Any of you thinking pie since I brought up the delicious subject?
I wish we could get decent blueberries over here. They are pushed here as a "super food" and very good for you. But
they are packed in tiny 4 ounce punnets and costing about £2. (£1 = $1.50) They are also air-freighted half way round the world and chilled to within an inch of their lives. Result - they taste of absolutely nothing.
As for pies. In the Middle Ages the pastry was often only there as a lid to seal the pot of a stew which was going to cook for a long time in the embers of the fire and it was either discarded or given to the poor or the dogs.

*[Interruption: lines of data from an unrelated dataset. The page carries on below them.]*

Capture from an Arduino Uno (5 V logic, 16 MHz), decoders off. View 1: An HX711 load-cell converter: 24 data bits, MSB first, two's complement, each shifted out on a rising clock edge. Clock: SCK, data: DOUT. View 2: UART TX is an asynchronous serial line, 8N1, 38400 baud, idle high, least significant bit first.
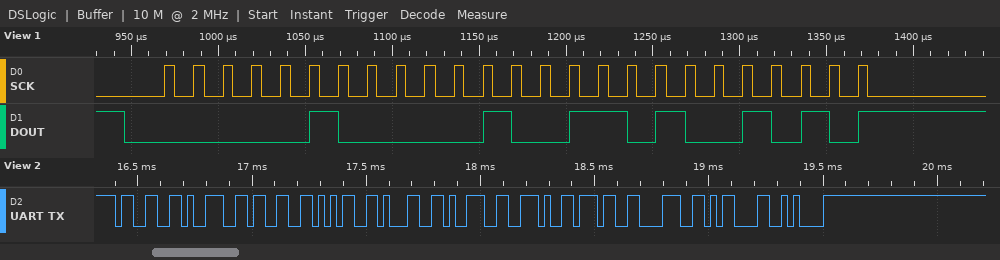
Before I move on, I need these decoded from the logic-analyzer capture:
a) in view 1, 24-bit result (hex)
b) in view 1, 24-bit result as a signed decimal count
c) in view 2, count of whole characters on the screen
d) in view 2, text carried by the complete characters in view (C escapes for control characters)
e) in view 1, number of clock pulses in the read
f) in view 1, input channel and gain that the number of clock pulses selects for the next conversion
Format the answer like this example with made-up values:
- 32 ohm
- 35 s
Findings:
- 0x04134A
- 267082
- 11
- "393519.78\r\n"
- 25
- channel A, gain 128
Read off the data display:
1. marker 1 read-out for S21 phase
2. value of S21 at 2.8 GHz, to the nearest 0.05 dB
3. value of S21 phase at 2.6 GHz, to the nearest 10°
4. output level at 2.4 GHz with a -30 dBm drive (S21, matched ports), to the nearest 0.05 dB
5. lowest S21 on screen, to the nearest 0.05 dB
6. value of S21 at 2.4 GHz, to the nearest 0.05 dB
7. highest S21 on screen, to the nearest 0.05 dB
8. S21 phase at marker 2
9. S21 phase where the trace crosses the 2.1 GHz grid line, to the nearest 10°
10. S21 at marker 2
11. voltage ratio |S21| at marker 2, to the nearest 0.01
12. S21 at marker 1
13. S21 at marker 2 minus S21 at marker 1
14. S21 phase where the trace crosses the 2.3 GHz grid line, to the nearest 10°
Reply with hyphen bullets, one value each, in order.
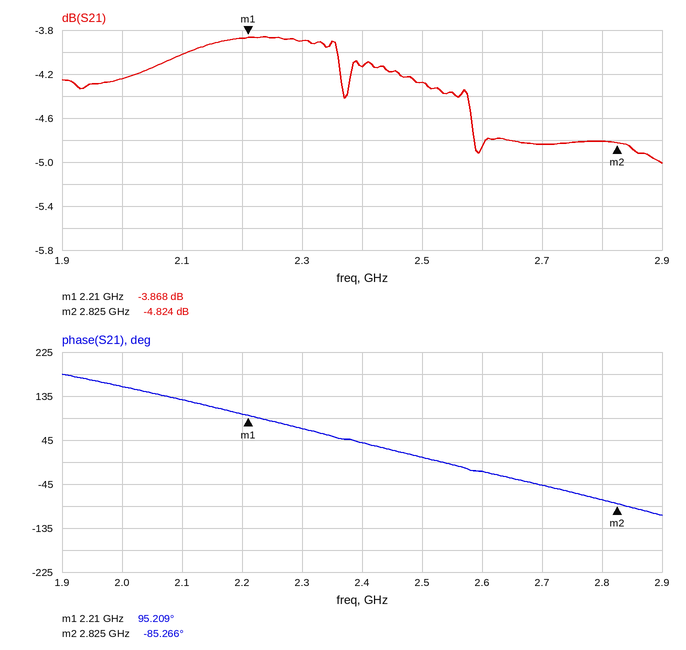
- 95.209°
- -4.80 dB
- -20°
- -34.15 dBm
- -5.00 dB
- -4.15 dB
- -3.85 dB
- -85.266°
- 130°
- -4.824 dB
- 0.57
- -3.868 dB
- -0.956 dB
- 70°
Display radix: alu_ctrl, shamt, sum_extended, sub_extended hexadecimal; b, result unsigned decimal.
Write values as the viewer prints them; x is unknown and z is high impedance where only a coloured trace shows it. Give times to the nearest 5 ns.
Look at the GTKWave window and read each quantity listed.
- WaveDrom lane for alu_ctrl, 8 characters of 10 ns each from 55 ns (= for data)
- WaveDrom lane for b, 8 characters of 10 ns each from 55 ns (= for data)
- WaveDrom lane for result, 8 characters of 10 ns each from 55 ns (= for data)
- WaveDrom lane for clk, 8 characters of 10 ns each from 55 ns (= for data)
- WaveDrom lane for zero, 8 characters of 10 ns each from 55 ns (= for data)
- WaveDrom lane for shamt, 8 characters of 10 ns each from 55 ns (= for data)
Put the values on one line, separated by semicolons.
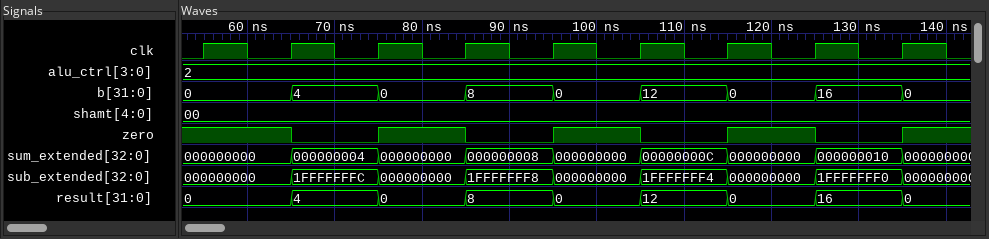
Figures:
{name: 'alu_ctrl', wave: '=.......', data: '2'}; {name: 'b', wave: '========', data: '0 4 0 8 0 12 0 16'}; {name: 'result', wave: '========', data: '0 4 0 8 0 12 0 16'}; {name: 'clk', wave: 'p.......'}; {name: 'zero', wave: '10101010'}; {name: 'shamt', wave: '=.......', data: '00'}
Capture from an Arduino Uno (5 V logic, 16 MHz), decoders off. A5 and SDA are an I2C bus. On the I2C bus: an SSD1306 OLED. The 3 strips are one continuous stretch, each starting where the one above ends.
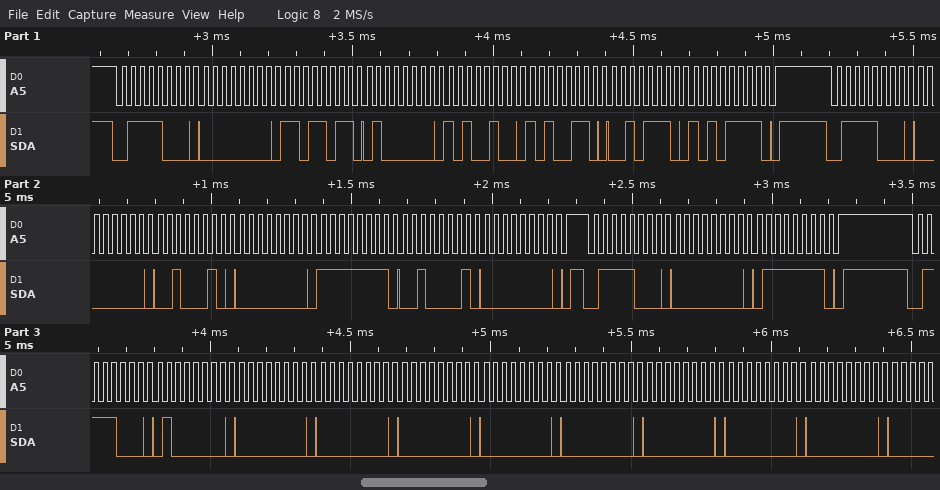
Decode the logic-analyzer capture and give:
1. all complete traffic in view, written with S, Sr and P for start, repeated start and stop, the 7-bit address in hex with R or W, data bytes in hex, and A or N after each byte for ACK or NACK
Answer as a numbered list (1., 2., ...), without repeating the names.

1. S 3CW A 00 A DB A 40 A A4 A A6 A 2E A AF A P S 3CW A 00 A 22 A 00 A FF A 21 A 00 A P S 3CW A 00 A 7F A P S 3CW A 40 A 00 A 00 A 00 A 00 A 00 A 00 A 00 A 00 A
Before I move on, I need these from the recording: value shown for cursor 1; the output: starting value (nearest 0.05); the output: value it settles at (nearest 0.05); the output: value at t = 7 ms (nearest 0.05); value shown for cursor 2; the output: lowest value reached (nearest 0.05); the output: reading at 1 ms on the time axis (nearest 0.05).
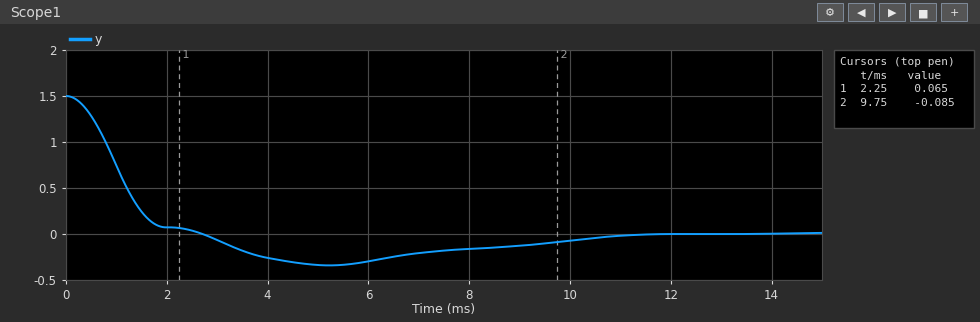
0.065
1.50
0.00
-0.20
-0.085
-0.35
0.75
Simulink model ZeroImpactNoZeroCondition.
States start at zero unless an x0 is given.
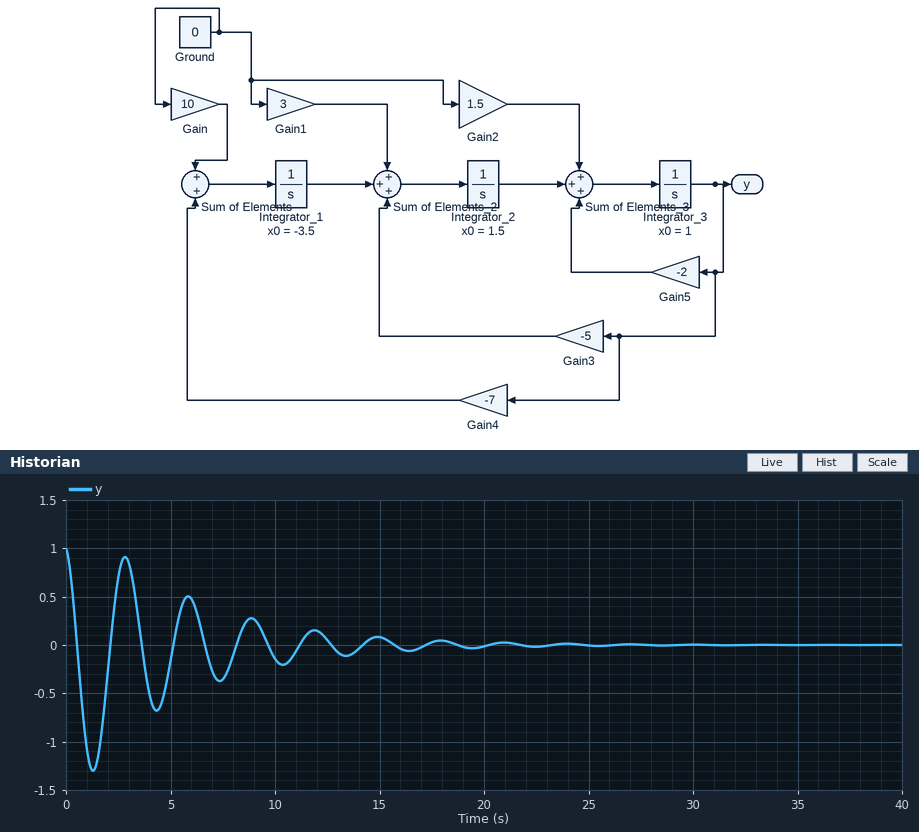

In the Cornish tin mining areas the "Cornish pasty " (meat, onion, swede and potato in a folded over "D"-shaped pastry case sealed at the side -
Cornish Pasty – Historical Information – Cornish Pasty Association
It is said that the pastry needed to be hard enough to stand up to being thrown down the mine shaft to the miner at lunch time! That story may be apocryphal or the result of some poor miner having a wife with little skill with pastry! In other areas, such as Northamptonshire, similar pasties were often very big with a savoury filling at one end and apple or other sweet filling in the other.
Strawberries, raspberries or blackberries go well with apples in a pie (but not at this time of year, obviously) and quinces if you grow them. My grandmother used to make a (usually Cheshire) cheese and apple pie but I never tasted it as I didn't like cheese as a child.
In the north of England 'tater pie is much loved, especially by the older generation and children. It had potatoes, meat and veg in it as well - the amount of meat varying according to what the housewife could afford on the day. Nowadays it's a favourite dish at fund-raising suppers at church or pubs or clubs and voluntary organisations
I've some pizza dough rising in the kitchen - would that count for Pie Day?